Because-
you could have been in 1927 India, an English aristocrat seeking
gold more than mythologies and its many-armed gods,
and my family had long left for a shore with tainted sand, a warm place
and yet they brought their valises and coats to remind their bodies
of a place they used to know as home. My family, leaving: hopeful and happy
in their hopefulness. Taking away
all chances of us meeting before they even found a name
to suit what I would become. The year could have been 1802:
I would have been a boy from Panama, wont to walking barefoot and unused
to the sound of the words spoken in your then-Chinese tongue, cursed
with a dynasty of characters made to replace
the feeling of being unable to contain what we mean to say.

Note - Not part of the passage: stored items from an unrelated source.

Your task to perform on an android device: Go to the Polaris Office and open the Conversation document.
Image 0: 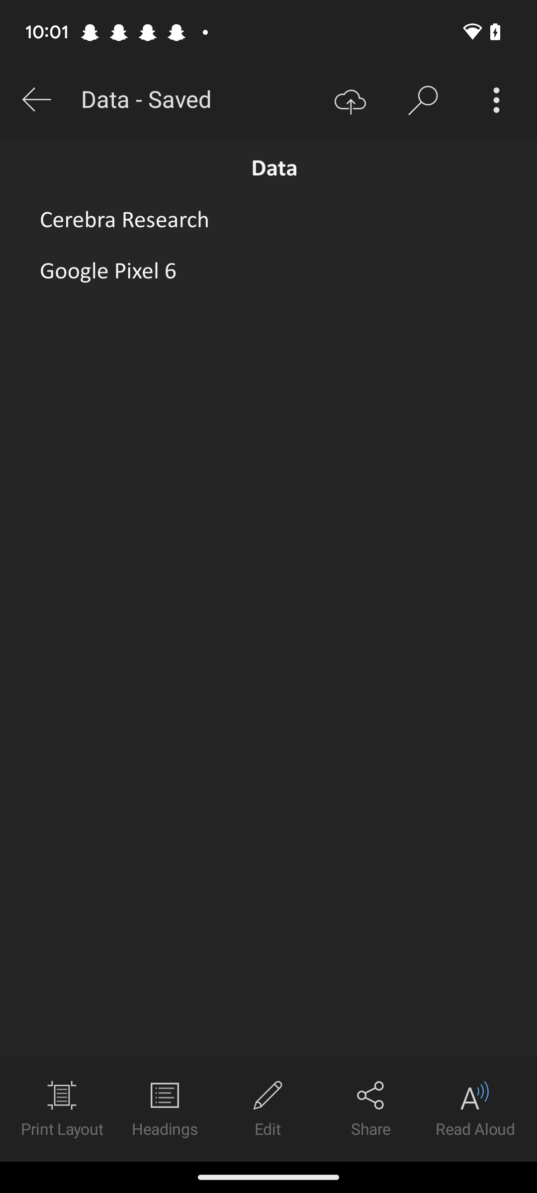
Open the Polaris Office app
Step 0: open app "Polaris Office"
Image 1: 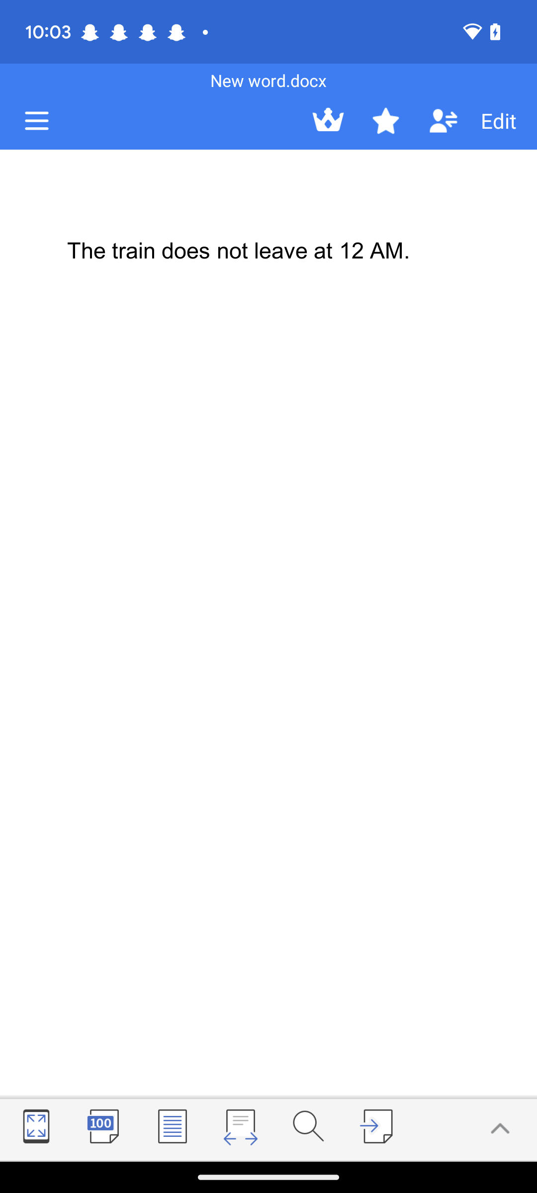
Go back to the previous screen
Step 1: press back button
Image 2: 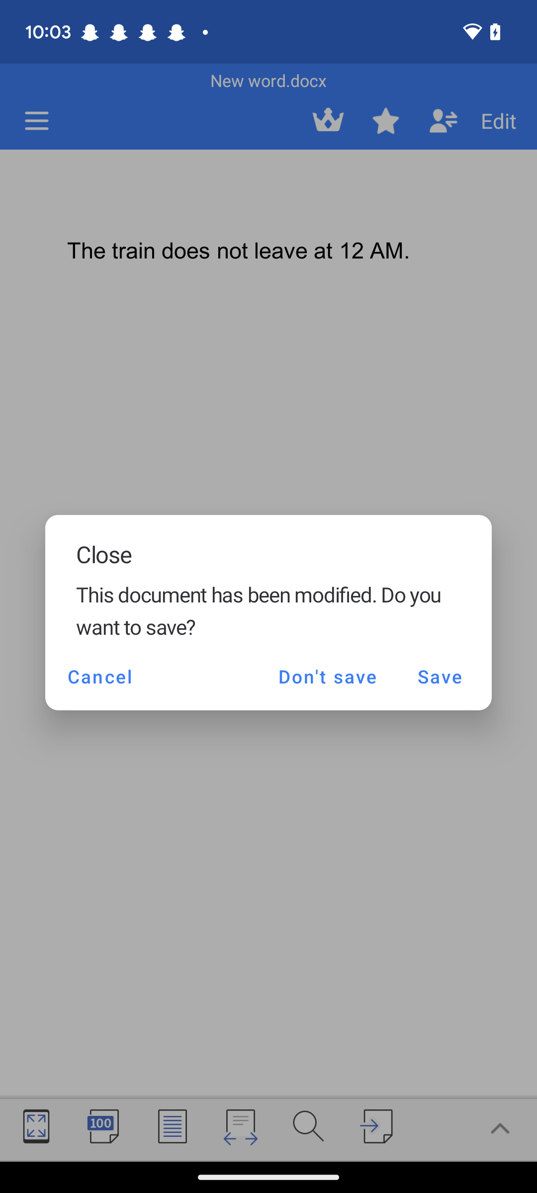
Click on the Save button
Step 2: click (440, 676)
Image 3: 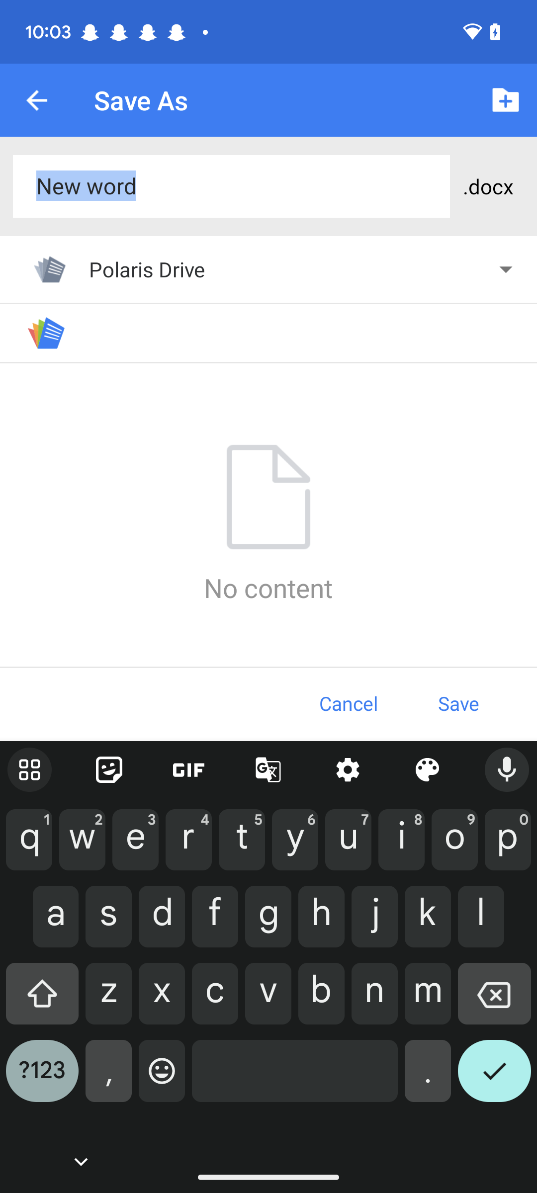
Click on the tick icon on the keyboard
Step 3: click (494, 1079)
Image 4: 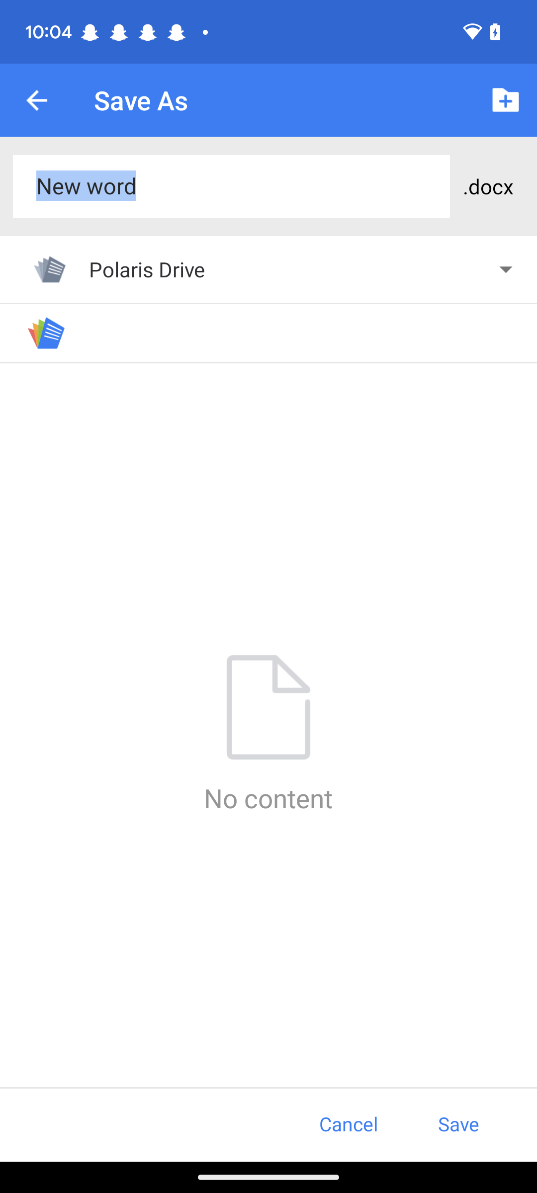
Click on the Save button at the bottom right corner of the screen
Step 4: click (458, 1123)
Image 5: 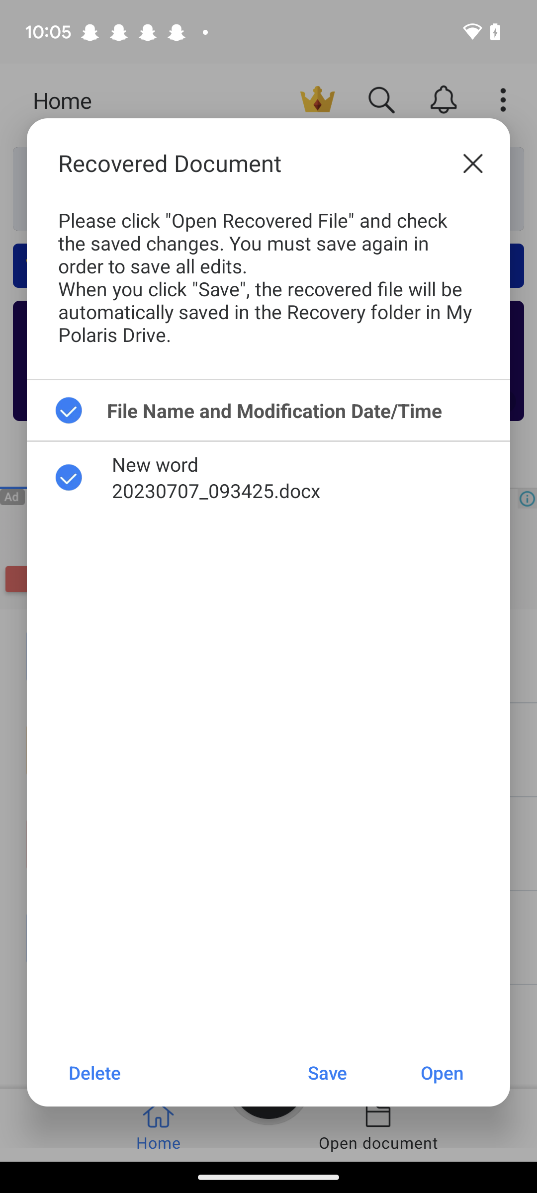
Click on the cross icon on the pop up box
Step 5: click (473, 163)
Image 6: 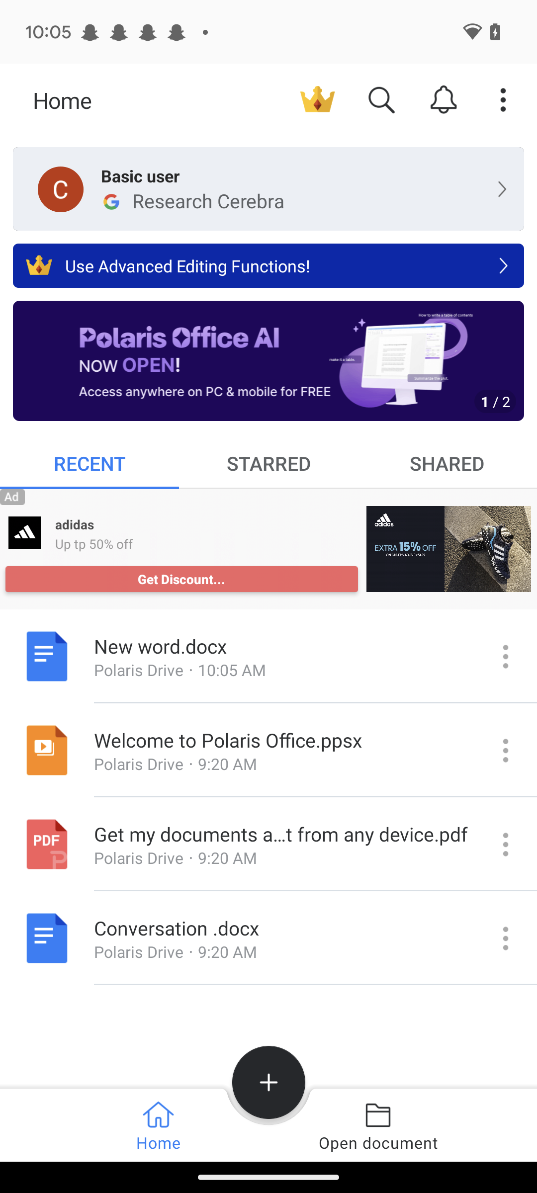
Open the Conversation document
Step 6: click (283, 928)

Or we could have been a few decades ago: 1989, meeting
in a dusty crossroad, exchanging vows without care,
before heading to our mothers’ wombs, allowing ourselves to be born
and so easily, so quickly forgetting each other.
Or I could have been a princess of an age lost
to this one, sent to die
because my country could not withstand bullets with wooden spears
and you, a magician on the other side of the world, speaking in tongues
I would never taste. But we are here and now and does the year mean anything?
All I think of is how much you remind me of my father; this is why I am wary and slow
to let your hand brush mine, folding my arms- knowing
for the first time that we spoke before we were even given
names, before we knew the names
of these years we are made to live in, knowing that your smile
carried countless years’ worth of faces that were ours.